Yeung Tony, Zhang Yi, Zhou Qianghua, Burack Richard
Pathology and Laboratory Medicine, University of Rochester Medical Center, 601 Elmwood Avenue, Rochester, NY 14642, USA.
Department of Laboratory Medicine and Pathobiology, University of Toronto, 1 King's College Circle, 6 Floor, Toronto M5S 1A8, ON, Canada.
J Pathol Inform. 2025 Aug 6;19:100465. doi: 10.1016/j.jpi.2025.100465. eCollection 2025 Nov.
Evaluation of tumor infiltrating lymphocytes as recommended by current guidelines is largely based on stromal regions within the tumor. In the context of epithelial malignancies, the epithelial region and the epithelial-stromal interface are not assessed, because of technical difficulties in manually discerning lymphocytes when admixed with epithelial tumor cells. The inability to quantify immune cells in epithelial-associated areas may negatively impact evaluation of patient response to immune checkpoint therapies. Innovative spatial analysis techniques have emerged that can directly address challenges associated with quantification of lymphocytes in specialized regions like the interface. In this study, we apply supervised neighborhood clustering analysis (via an open-source application CytoMAP) to assess the spatial distribution of CD8+ T cells, CD8+ TIM3+ (T cell immunoglobulin and mucin-domain containing-3) exhausted T cells, and TIM3+ CD8- macrophages on a gynecological tumor microarray. Neighborhood clustering analysis is adept at objectively mapping the epithelial-stromal interface alongside the epithelial and stromal region of each tumor under a three-compartment model. When tumors are partitioned by the conventional two-compartment model (epithelial and stromal region only), the highest density of total CD8+ T cells is found in the stromal region in a slight majority of tumors. In contrast, the interface region surpasses both the epithelial and stromal region in holding the highest density of CD8+ T cells when this unique region is incorporated into the three-compartment model. Further subset analysis shows higher proportion of CD8+ TIM3+ exhausted T cells within the interface and epithelial region, as compared to CD8+ TIM3- T cells which span from the stroma to the interface. These results highlight the utility of implementing quantitative spatial technique and immune subset analysis in the assessment of tumor infiltrating lymphocytes, and underscore the potential significance of the under-reported tumor epithelial-stromal interface.

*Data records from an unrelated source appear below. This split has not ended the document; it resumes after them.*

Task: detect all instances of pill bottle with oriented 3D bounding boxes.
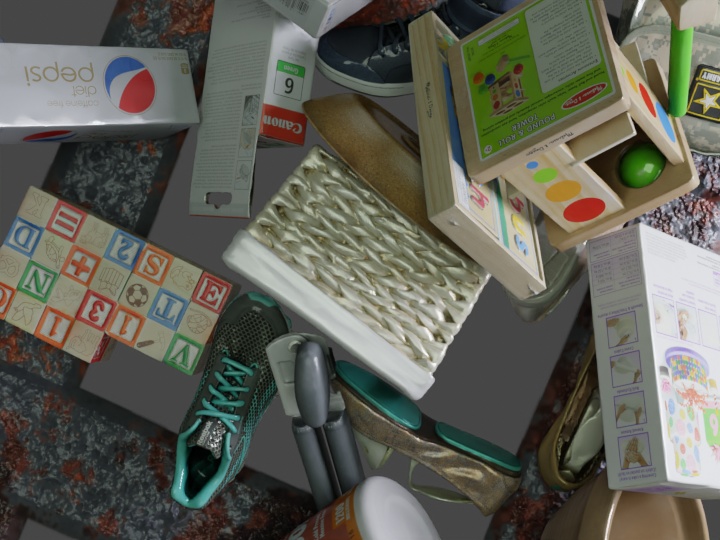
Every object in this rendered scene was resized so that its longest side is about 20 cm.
[{"bbox_3d":[-0.033,0.269,0.891,0.199,0.112,0.113,-38,88,19],"label":"pill bottle"}]

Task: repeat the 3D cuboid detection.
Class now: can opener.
[{"bbox_3d":[-0.035,0.139,0.896,0.052,0.067,0.202,-8,121,11],"label":"can opener"}]

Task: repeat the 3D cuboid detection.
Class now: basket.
[{"bbox_3d":[0.000,0.000,0.900,0.199,0.136,0.124,35,88,1],"label":"basket"}]

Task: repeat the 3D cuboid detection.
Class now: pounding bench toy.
[{"bbox_3d":[0.194,-0.127,0.797,0.198,0.155,0.126,-26,53,29],"label":"pounding bench toy"}]

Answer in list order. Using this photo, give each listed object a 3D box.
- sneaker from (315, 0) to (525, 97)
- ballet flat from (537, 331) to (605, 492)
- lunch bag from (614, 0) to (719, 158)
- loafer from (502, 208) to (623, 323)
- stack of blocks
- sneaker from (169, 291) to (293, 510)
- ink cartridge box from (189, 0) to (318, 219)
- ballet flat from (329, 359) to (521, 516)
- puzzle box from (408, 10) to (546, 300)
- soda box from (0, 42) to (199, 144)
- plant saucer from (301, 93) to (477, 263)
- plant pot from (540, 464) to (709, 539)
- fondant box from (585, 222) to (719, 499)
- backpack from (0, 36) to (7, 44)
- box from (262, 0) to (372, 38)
[{"bbox_3d":[0.063,-0.217,0.893,0.199,0.147,0.078,3,52,-4],"label":"sneaker"},{"bbox_3d":[0.219,0.104,0.927,0.068,0.063,0.202,25,89,3],"label":"ballet flat"},{"bbox_3d":[0.299,-0.196,0.902,0.162,0.118,0.203,14,88,5],"label":"lunch bag"},{"bbox_3d":[0.192,-0.041,0.937,0.071,0.063,0.201,32,73,28],"label":"loafer"},{"bbox_3d":[-0.219,0.022,0.942,0.198,0.059,0.116,25,90,2],"label":"stack of blocks"},{"bbox_3d":[-0.111,0.117,0.895,0.077,0.091,0.202,19,110,2],"label":"sneaker"},{"bbox_3d":[-0.091,-0.143,0.916,0.050,0.108,0.203,8,89,-38],"label":"ink cartridge box"},{"bbox_3d":[0.045,0.154,0.932,0.198,0.068,0.068,30,104,3],"label":"ballet flat"},{"bbox_3d":[0.090,-0.091,0.830,0.025,0.133,0.202,-25,49,28],"label":"puzzle box"},{"bbox_3d":[-0.235,-0.146,0.886,0.198,0.063,0.069,-8,88,-42],"label":"soda box"},{"bbox_3d":[0.040,-0.085,0.865,0.200,0.200,0.036,41,104,2],"label":"plant saucer"},{"bbox_3d":[0.211,0.252,0.890,0.092,0.199,0.204,-5,88,42],"label":"plant pot"},{"bbox_3d":[0.253,0.077,0.864,0.058,0.143,0.203,-20,64,43],"label":"fondant box"},{"bbox_3d":[-0.395,-0.156,0.911,0.200,0.154,0.191,41,80,5],"label":"backpack"},{"bbox_3d":[-0.043,-0.273,0.881,0.144,0.200,0.037,35,127,5],"label":"box"}]

按照当前指南的建议,对肿瘤浸润淋巴细胞的评估主要基于肿瘤内的基质区域。在上皮性恶性肿瘤的情况下,上皮区域和上皮-基质界面未被评估,因为当淋巴细胞与上皮肿瘤细胞混合时,手动辨别淋巴细胞存在技术困难。无法对上皮相关区域的免疫细胞进行量化可能会对患者对免疫检查点疗法的反应评估产生负面影响。已经出现了创新的空间分析技术,这些技术可以直接应对与在界面等特殊区域量化淋巴细胞相关的挑战。在本研究中,我们应用监督邻域聚类分析(通过开源应用程序CytoMAP)来评估妇科肿瘤微阵列上CD8 + T细胞、CD8 + TIM3 +(含T细胞免疫球蛋白和粘蛋白结构域3)耗竭性T细胞以及TIM3 + CD8 -巨噬细胞的空间分布。邻域聚类分析擅长在三室模型下客观地绘制每个肿瘤的上皮和基质区域以及上皮-基质界面。当肿瘤按照传统的两室模型(仅上皮和基质区域)划分时,在大多数肿瘤中,总CD8 + T细胞的最高密度出现在基质区域。相比之下,当将这个独特区域纳入三室模型时,界面区域在CD8 + T细胞密度最高方面超过了上皮和基质区域。进一步的亚组分析表明,与从基质延伸到界面的CD8 + TIM3 - T细胞相比,界面区域和上皮区域内CD8 + TIM3 +耗竭性T细胞的比例更高。这些结果突出了在评估肿瘤浸润淋巴细胞时实施定量空间技术和免疫亚组分析的实用性,并强调了报告不足的肿瘤上皮-基质界面的潜在重要性。